The Jesus Trail
When things don't go according to plan, hospitality and friendship are a savior
“I think we might meet Jesus,” I gasped. “And not in the way we’re hoping to.” Rodrigo laughed but Xioamin was quite stressed by now and not amused. I was somewhere in between mentally, in that loopy, goofy state one gets late at night when one is exhausted but with good friends. I swallowed. I noticed I was parched. My feet ached and it was very, very dark in the woods all around us. The trail was overgrown. We felt completely alone, there was no cell service and the route our map advised us to take was blocked and completely overgrown — if it was indeed the right route, anyways. There was nowhere to set up our tent to camp and we were almost completely out of drinking water. I looked at my light-up watch: it was nearly 11 o’clock at night. We needed to backtrack, at least a mile, where we saw the last fork in the road that led out to the highway. There was a gas station. From there, we reasoned, we could at least find something, ask someone where we could find a campsite. Together, we steeled ourselves and about-faced.
It all started only a few days before, and at the time, sounded like a great idea. But as with all the best laid plans…
“Let’s do the Jesus Trail!” Xiaomin had exclaimed one day, having stopped by my dorm room at the beginning of our academic holiday for the Passover festival.
Xioamin is an exuberant guy. Tall, energetic, and talkative, he is evidence for my thesis that we Americans and Chinese have more in common than any other two cultures in the world today. Hear me out: we like technology, we like having shiny things, we drink too much, and we are very loud tourists in whatever countries we visit. I joke — we also are both enthusiastic and at best, hospitable, excited to share food and humor. Xiaomin and I spent two weeks locked up together in COVID quarantine, and needless to say, we really bonded and learned more about each-other’s culture and life than either of us had ever known before. (I wrote a bit about that here for Interfaith America).
Kind, thoughtful, and generous, Xiaomin was always up for an adventure — planned or unplanned, prepared or unprepared. A Christian from China, he told me the most interesting and complicated stories about his life and faith: his family had been survived by PRC police for practicing their faith and were forced to meet in secret in house churches to avoid having ministers hand-picked by the Communist Party who’d only preach in lockstep with party directives. He was divorced and had spent the entire previous year since his divorce, before coming to Israel, on a motorbike trip across China. He told me about his dad’s mental health struggles, and I found out in the last year that his dad succumbed to suicide long after Xiaomin returned to Beijing. Xiaomin always said grace before eating, and unlike any custom I’d ever noticed before, he’d place his hand over his heart at the end of his prayer for a few seconds and hold it there — a gesture that conveyed a centered kind of gratitude, which I found really special.
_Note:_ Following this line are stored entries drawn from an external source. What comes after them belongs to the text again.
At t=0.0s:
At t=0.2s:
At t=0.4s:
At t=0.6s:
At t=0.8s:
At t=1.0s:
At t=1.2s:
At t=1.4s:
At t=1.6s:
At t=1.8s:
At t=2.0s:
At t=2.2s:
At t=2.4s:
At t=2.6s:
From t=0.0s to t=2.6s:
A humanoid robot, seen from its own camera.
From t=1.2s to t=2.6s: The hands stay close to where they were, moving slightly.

We conscripted our friend Rodrigo, a student from Mexico, to join. He was also game for just about anything.
The Jesus Trail — or (forebodingly) the “Jesus Fail” as I would later call it — is a hiking route in the Galilee region, in far northern Israel, that spans from the larger primarily Arab city of Nazareth (which was were Jesus grew up), passes through Cana (where water was turnt to wine), and terminates on the Sea of Galilee near the city of Tiberias (where there is water-walking and lots of Russians, respectively).
Maybe it was because it was early 2021, and the trail hadn’t been well maintained in the time of COVID, but things went south midway through and we got lost bad.
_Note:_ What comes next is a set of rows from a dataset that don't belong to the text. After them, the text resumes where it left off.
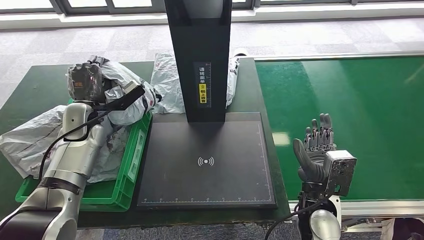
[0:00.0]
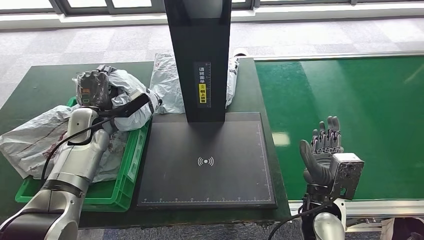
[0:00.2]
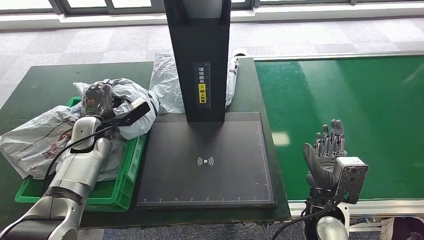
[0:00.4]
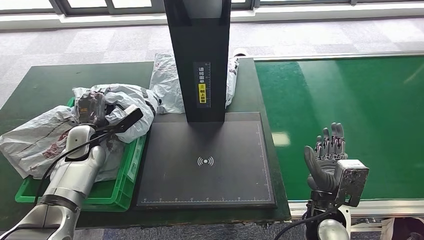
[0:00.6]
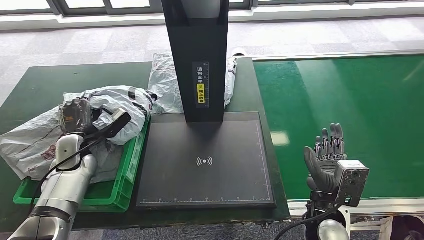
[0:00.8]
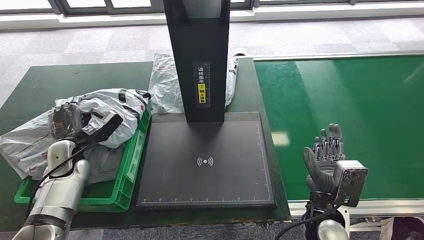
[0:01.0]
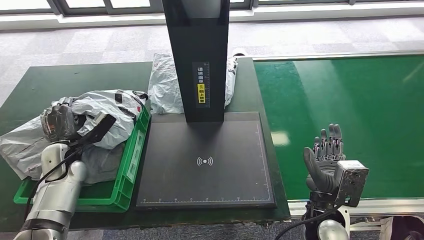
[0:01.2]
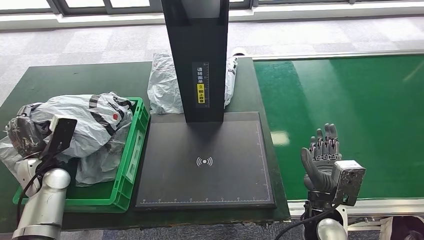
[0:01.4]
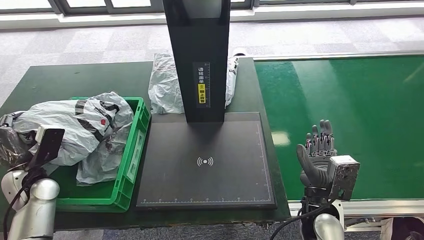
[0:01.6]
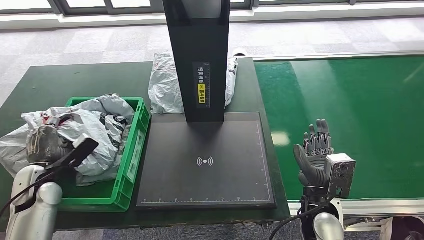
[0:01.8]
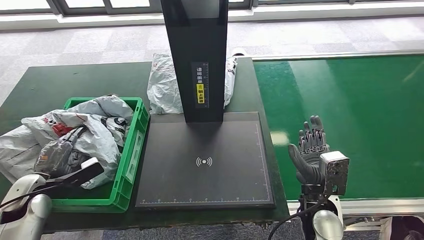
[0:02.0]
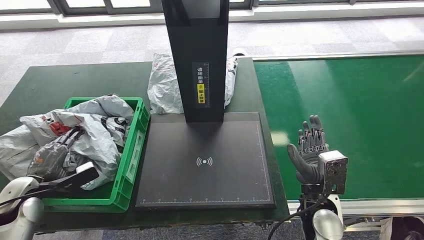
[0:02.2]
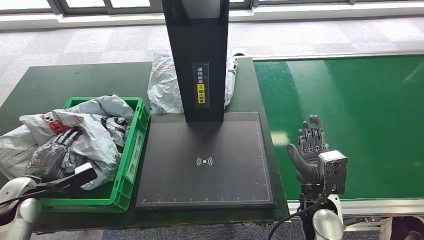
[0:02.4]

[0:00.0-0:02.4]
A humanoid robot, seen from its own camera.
Step, 0:00.0 to 0:02.4: Place the parcel into the delivery box.
0:01.2 to 0:02.4: The left hand shifts some 15 cm backward and to the left.

We started in what is probably my favorite city to visit in Israel, Nazareth. The city is in the country’s far north and is predominately Arab and Christian, which has been around since before the time of Christ. Nazareth, presumably a hometown where a prophetic is never accepted, always accepts me with open-arms. I love to history, the warmth and generosity of the people there, and the old city which is full of elevation changes, more staircases than you can count, and narrow, cobble-stone lanes. It’s home to the breath-taking Basilica of the Annunciation, where Elizabeth and Mary shared a tender moment as Jesus and John lept in their wombs, greeting each other in utero. The Basilica, in a gesture that conveys its fervent prayers for Christian unity, has a garden courtyard lined with murals of the Blessed Mother Mary depicted in the custom of dozens of countries across the world. She wears the clothing of Slovenians, Lebanese, Greeks, Poles, French, Chinese and Vietnamese. Messages in Arabic, Hebrew and dozens of world languages proclaim scripture passages calling for peace and goodwill for people of all tribes and nations.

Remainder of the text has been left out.